When we booked our flight from Yerevan to Sydney we were faced with a 14 hour stop over in Doha. Too long to spend at the airport I discovered Qatar had begun to offer Qatar Airline passengers who had stopovers more than 4 hours and less than 48, were eligible for a free transit visit to leave the airport.

It had to be booked online and no earlier than 30 days before arriving. So I had to do this during the trip. As the trip neared the end we were still waiting to hear back about the visas. Then I received mine 2 days before we were due to arrive. Then Paul's arrived the day we left Yerevan.

The flight from Yerevan to Doha was short 'n sweet. We arrived at 5.30 in the morning (having been awake for by this time for 22 hours) and the outside temperature was 37 deg C.

The woman at customs, in response to my query as to whether they would accept our visas electronically on my tablet, cheerily told me that 2 days prior Qatar had introduced free visas to 75 countries including Australia.

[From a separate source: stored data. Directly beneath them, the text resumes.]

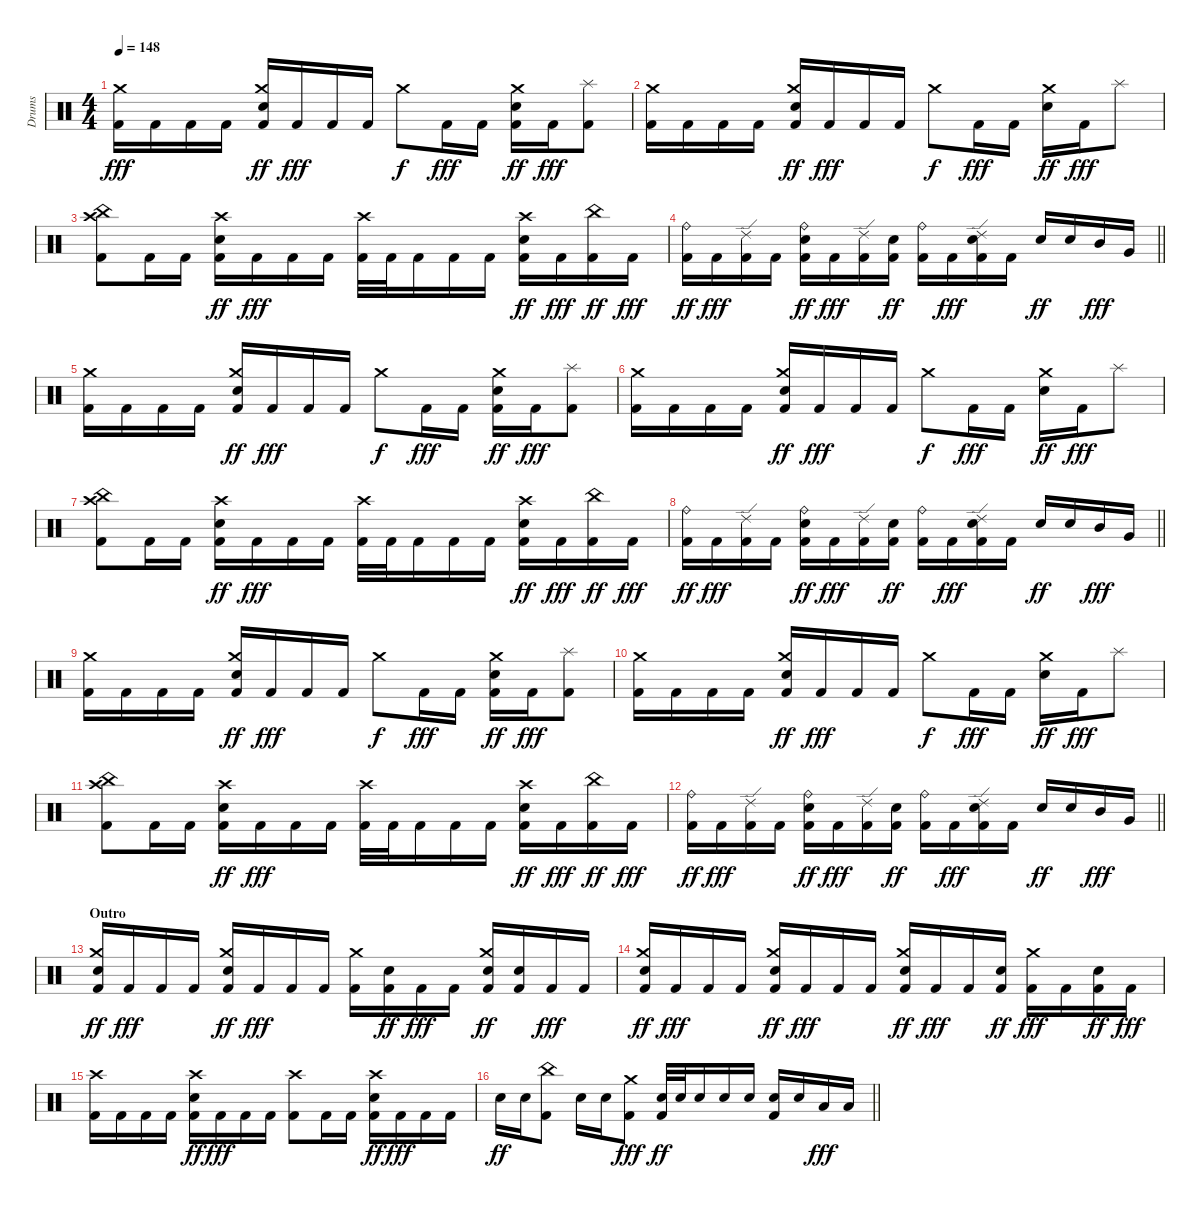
\track ("Drums" "Drums") {instrument percussion}
\staff {score}
\articulation defaults
\ts (4 4)
\tempo 148
\clef neutral
\ks c
("Kick (hit) 2" "Crash medium (hit)").16{dy fff} "Kick (hit) 2".16 "Kick (hit) 2".16 "Kick (hit) 2".16 ("Kick (hit) 2" "Snare (hit) 2" "Crash medium (hit)").16{dy ff} "Kick (hit) 2".16{dy fff} "Kick (hit) 2".16 "Kick (hit) 2".16 "Crash medium (hit)".8{dy f} "Kick (hit) 2".16{dy fff} "Kick (hit) 2".16 ("Kick (hit) 2" "Snare (hit) 2" "Crash medium (hit)").16{dy ff} "Kick (hit) 2".16{dy fff} ("Kick (hit) 2" "Splash (hit)").8 |
("Kick (hit) 2" "Crash medium (hit)").16 "Kick (hit) 2".16 "Kick (hit) 2".16 "Kick (hit) 2".16 ("Kick (hit) 2" "Snare (hit) 2" "Crash medium (hit)").16{dy ff} "Kick (hit) 2".16{dy fff} "Kick (hit) 2".16 "Kick (hit) 2".16 "Crash medium (hit)".8{dy f} "Kick (hit) 2".16{dy fff} "Kick (hit) 2".16 ("Snare (hit) 2" "Crash medium (hit)").16{dy ff} "Kick (hit) 2".16{dy fff} "Splash (hit)".8 |
("Kick (hit) 2" "China (hit)" "Crash high (hit)").8 "Kick (hit) 2".16 "Kick (hit) 2".16 ("Kick (hit) 2" "Snare (hit) 2" "Crash high (hit)").16{dy ff} "Kick (hit) 2".16{dy fff} "Kick (hit) 2".16 "Kick (hit) 2".16 ("Kick (hit) 2" "Crash high (hit)").32 "Kick (hit) 2".32 "Kick (hit) 2".16 "Kick (hit) 2".16 "Kick (hit) 2".16 ("Kick (hit) 2" "Snare (hit) 2" "Crash high (hit)").16{dy ff} "Kick (hit) 2".16{dy fff} ("Kick (hit) 2" "China (hit)").16{dy ff} "Kick (hit) 2".16{dy fff} |
\barLineRight lightlight
("Kick (hit) 2" "Ride (bell)").16{dy ff} "Kick (hit) 2".16{dy fff} ("Kick (hit) 2" "Ride (edge) 2").16 "Kick (hit) 2".16 ("Kick (hit) 2" "Snare (hit) 2" "Ride (bell)").16{dy ff} "Kick (hit) 2".16{dy fff} ("Kick (hit) 2" "Ride (edge) 2").16 ("Kick (hit) 2" "Snare (hit) 2").16{dy ff} ("Kick (hit) 2" "Ride (bell)").16 "Kick (hit) 2".16{dy fff} ("Kick (hit) 2" "Snare (hit) 2" "Ride (edge) 2").16 "Kick (hit) 2".16 "Snare (hit) 2".16{dy ff} "Snare (hit) 2".16 "Mid Tom (hit)".16{dy fff} "Very Low Tom (hit)".16 |
("Kick (hit) 2" "Crash medium (hit)").16 "Kick (hit) 2".16 "Kick (hit) 2".16 "Kick (hit) 2".16 ("Kick (hit) 2" "Snare (hit) 2" "Crash medium (hit)").16{dy ff} "Kick (hit) 2".16{dy fff} "Kick (hit) 2".16 "Kick (hit) 2".16 "Crash medium (hit)".8{dy f} "Kick (hit) 2".16{dy fff} "Kick (hit) 2".16 ("Kick (hit) 2" "Snare (hit) 2" "Crash medium (hit)").16{dy ff} "Kick (hit) 2".16{dy fff} ("Kick (hit) 2" "Splash (hit)").8 |
("Kick (hit) 2" "Crash medium (hit)").16 "Kick (hit) 2".16 "Kick (hit) 2".16 "Kick (hit) 2".16 ("Kick (hit) 2" "Snare (hit) 2" "Crash medium (hit)").16{dy ff} "Kick (hit) 2".16{dy fff} "Kick (hit) 2".16 "Kick (hit) 2".16 "Crash medium (hit)".8{dy f} "Kick (hit) 2".16{dy fff} "Kick (hit) 2".16 ("Snare (hit) 2" "Crash medium (hit)").16{dy ff} "Kick (hit) 2".16{dy fff} "Splash (hit)".8 |
("Kick (hit) 2" "China (hit)" "Crash high (hit)").8 "Kick (hit) 2".16 "Kick (hit) 2".16 ("Kick (hit) 2" "Snare (hit) 2" "Crash high (hit)").16{dy ff} "Kick (hit) 2".16{dy fff} "Kick (hit) 2".16 "Kick (hit) 2".16 ("Kick (hit) 2" "Crash high (hit)").32 "Kick (hit) 2".32 "Kick (hit) 2".16 "Kick (hit) 2".16 "Kick (hit) 2".16 ("Kick (hit) 2" "Snare (hit) 2" "Crash high (hit)").16{dy ff} "Kick (hit) 2".16{dy fff} ("Kick (hit) 2" "China (hit)").16{dy ff} "Kick (hit) 2".16{dy fff} |
\barLineRight lightlight
("Kick (hit) 2" "Ride (bell)").16{dy ff} "Kick (hit) 2".16{dy fff} ("Kick (hit) 2" "Ride (edge) 2").16 "Kick (hit) 2".16 ("Kick (hit) 2" "Snare (hit) 2" "Ride (bell)").16{dy ff} "Kick (hit) 2".16{dy fff} ("Kick (hit) 2" "Ride (edge) 2").16 ("Kick (hit) 2" "Snare (hit) 2").16{dy ff} ("Kick (hit) 2" "Ride (bell)").16 "Kick (hit) 2".16{dy fff} ("Kick (hit) 2" "Snare (hit) 2" "Ride (edge) 2").16 "Kick (hit) 2".16 "Snare (hit) 2".16{dy ff} "Snare (hit) 2".16 "Mid Tom (hit)".16{dy fff} "Very Low Tom (hit)".16 |
("Kick (hit) 2" "Crash medium (hit)").16 "Kick (hit) 2".16 "Kick (hit) 2".16 "Kick (hit) 2".16 ("Kick (hit) 2" "Snare (hit) 2" "Crash medium (hit)").16{dy ff} "Kick (hit) 2".16{dy fff} "Kick (hit) 2".16 "Kick (hit) 2".16 "Crash medium (hit)".8{dy f} "Kick (hit) 2".16{dy fff} "Kick (hit) 2".16 ("Kick (hit) 2" "Snare (hit) 2" "Crash medium (hit)").16{dy ff} "Kick (hit) 2".16{dy fff} ("Kick (hit) 2" "Splash (hit)").8 |
("Kick (hit) 2" "Crash medium (hit)").16 "Kick (hit) 2".16 "Kick (hit) 2".16 "Kick (hit) 2".16 ("Kick (hit) 2" "Snare (hit) 2" "Crash medium (hit)").16{dy ff} "Kick (hit) 2".16{dy fff} "Kick (hit) 2".16 "Kick (hit) 2".16 "Crash medium (hit)".8{dy f} "Kick (hit) 2".16{dy fff} "Kick (hit) 2".16 ("Snare (hit) 2" "Crash medium (hit)").16{dy ff} "Kick (hit) 2".16{dy fff} "Splash (hit)".8 |
("Kick (hit) 2" "China (hit)" "Crash high (hit)").8 "Kick (hit) 2".16 "Kick (hit) 2".16 ("Kick (hit) 2" "Snare (hit) 2" "Crash high (hit)").16{dy ff} "Kick (hit) 2".16{dy fff} "Kick (hit) 2".16 "Kick (hit) 2".16 ("Kick (hit) 2" "Crash high (hit)").32 "Kick (hit) 2".32 "Kick (hit) 2".16 "Kick (hit) 2".16 "Kick (hit) 2".16 ("Kick (hit) 2" "Snare (hit) 2" "Crash high (hit)").16{dy ff} "Kick (hit) 2".16{dy fff} ("Kick (hit) 2" "China (hit)").16{dy ff} "Kick (hit) 2".16{dy fff} |
\barLineRight lightlight
("Kick (hit) 2" "Ride (bell)").16{dy ff} "Kick (hit) 2".16{dy fff} ("Kick (hit) 2" "Ride (edge) 2").16 "Kick (hit) 2".16 ("Kick (hit) 2" "Snare (hit) 2" "Ride (bell)").16{dy ff} "Kick (hit) 2".16{dy fff} ("Kick (hit) 2" "Ride (edge) 2").16 ("Kick (hit) 2" "Snare (hit) 2").16{dy ff} ("Kick (hit) 2" "Ride (bell)").16 "Kick (hit) 2".16{dy fff} ("Kick (hit) 2" "Snare (hit) 2" "Ride (edge) 2").16 "Kick (hit) 2".16 "Snare (hit) 2".16{dy ff} "Snare (hit) 2".16 "Mid Tom (hit)".16{dy fff} "Very Low Tom (hit)".16 |
\section ("" "Outro")
("Kick (hit) 2" "Snare (hit) 2" "Crash medium (hit)").16{dy ff} "Kick (hit) 2".16{dy fff} "Kick (hit) 2".16 "Kick (hit) 2".16 ("Kick (hit) 2" "Snare (hit) 2" "Crash medium (hit)").16{dy ff} "Kick (hit) 2".16{dy fff} "Kick (hit) 2".16 "Kick (hit) 2".16 ("Kick (hit) 2" "Crash medium (hit)").16 ("Kick (hit) 2" "Snare (hit) 2").16{dy ff} "Kick (hit) 2".16{dy fff} "Kick (hit) 2".16 ("Kick (hit) 2" "Snare (hit) 2" "Crash medium (hit)").16{dy ff} ("Kick (hit) 2" "Snare (hit) 2").16 "Kick (hit) 2".16{dy fff} "Kick (hit) 2".16 |
("Kick (hit) 2" "Snare (hit) 2" "Crash medium (hit)").16{dy ff} "Kick (hit) 2".16{dy fff} "Kick (hit) 2".16 "Kick (hit) 2".16 ("Kick (hit) 2" "Snare (hit) 2" "Crash medium (hit)").16{dy ff} "Kick (hit) 2".16{dy fff} "Kick (hit) 2".16 "Kick (hit) 2".16 ("Kick (hit) 2" "Snare (hit) 2" "Crash medium (hit)").16{dy ff} "Kick (hit) 2".16{dy fff} "Kick (hit) 2".16 ("Kick (hit) 2" "Snare (hit) 2").16{dy ff} ("Kick (hit) 2" "Crash medium (hit)").16{dy fff} "Kick (hit) 2".16 ("Kick (hit) 2" "Snare (hit) 2").16{dy ff} "Kick (hit) 2".16{dy fff} |
("Kick (hit) 2" "Crash high (hit)").16 "Kick (hit) 2".16 "Kick (hit) 2".16 "Kick (hit) 2".16 ("Kick (hit) 2" "Snare (hit) 2" "Crash high (hit)").16{dy ff} "Kick (hit) 2".16{dy fff} "Kick (hit) 2".16 "Kick (hit) 2".16 ("Kick (hit) 2" "Crash high (hit)").8 "Kick (hit) 2".16 "Kick (hit) 2".16 ("Kick (hit) 2" "Snare (hit) 2" "Crash high (hit)").16{dy ff} "Kick (hit) 2".16{dy fff} "Kick (hit) 2".16 "Kick (hit) 2".16 |
\barLineRight lightlight "Snare (hit) 2".16{dy ff} "Snare (hit) 2".16
("Kick (hit) 2" "China (hit)").8 "Snare (hit) 2".16 "Snare (hit) 2".16 ("Kick (hit) 2" "Crash medium (hit)").8{dy fff} ("Kick (hit) 2" "Snare (hit) 2").32{dy ff} "Snare (hit) 2".32 "Snare (hit) 2".16 "Snare (hit) 2".16 "Snare (hit) 2".16 ("Kick (hit) 2" "Snare (hit) 2").16 "Snare (hit) 2".16 "Low Tom (hit)".16{dy fff} "Low Floor Tom (hit)".16

Doha city I knew was only about 6 - 8kms from the airport so I was a bit shocked when we had quotes of around $35-$40 for a taxi. So we caught the shuttle bus to the old city centre for about $1.50 each!

Unfortunately being a Friday most of the shops were closed (Friday being the Muslim equivalent of a Sunday). Also we were wandering around at 06.30 and most places were shut that early anyway.

The old city was not that old and there was very little to sustain our interest. Also as the day progressed the temperature climbed higher and higher.

Eventually it became so uncomfortably hot we decided to seek refuge in an air conditioned shopping mall. The largest was in the modern city centre another few kms further around the harbour front.

This area was full of high rise modern skyscrapers a little like a mini version of Dubai or Abu Dhabi.

After wasting several hours in the mall we headed over to the I.M.Pei designed Museum of Islamic Art on the harbour.

I have to say it is the most beautifully designed museum, the most stylishly presented art and the most magnificent selection of Islamic Art that I've ever seen.

Below are a selection of photos of our day in Doha and some of the works from the museum.

In addition - by 1.30pm the outside temperature had climbed to 52.3 degrees C - and when we were outside we were close to DEATH!!
























Thursday, August 10, 2017

roman around

Our last day in Yerevan saw us visiting Geghard Monastery only a couple of hours out of Yerevan.

Set at the end of a gorge it has one of the most picturesque settings of Armenian Monasteries and blends nicely with the local stone. A UNESCO World Heritage site it is partially carved out the bedrock and dates from the 13th Century.

Geghard is short for Geghardavank and means 'Monastery of the Spear' believing to have held part of the spear that was used to pierce the side of Christ during the crucifixion.






Not far from Geghard is the temple of Garni. It was destroyed by an earthquake whose epicentre was in the town of Garni in 1679. It was reconstructed in the late 19th Century.

Dedicated to Helios, the Roman god of the sun, the Garni temple was built by the Armenian King Tiridates I in the 1st century AD and is the only Hellenistic colonnaded temple in Armenia and in fact, in the former Soviet Union.




Our final visit to Armenian Monasteries was to the wonderful Khor Virap Monastery. At around 40kms South East of Yerevan and only a handful of kms from the Turkish border it has the fabled Mount Ararat as its backdrop.




Tuesday, August 8, 2017

ta ta tatev

Today was a long day as we were driving to Tatev Monastery which is more than 250kms South East of Yerevan. In addition we were stopping off at Noravank Monastery which was close to halfway to Tatev.

The scenery long the way was a little tedious - fairly flat and very dry for much of the way.

We turned off the main road into a small canyon, the scenery improved immediately and Noravank appeared high up (as with most Armenian monasteries) on the hillside about 6kms down the road. 

And as with most Armenian monasteries, its best perspective is from a distance!









A couple of hours drive later and we arrived at Tatev. Its popularity is reflected in the long queue to buy a ticket on the world longest cable car ride to get to it.


Tatev was undecorated inside and slightly larger than Noravank and, again, looked better from a distance.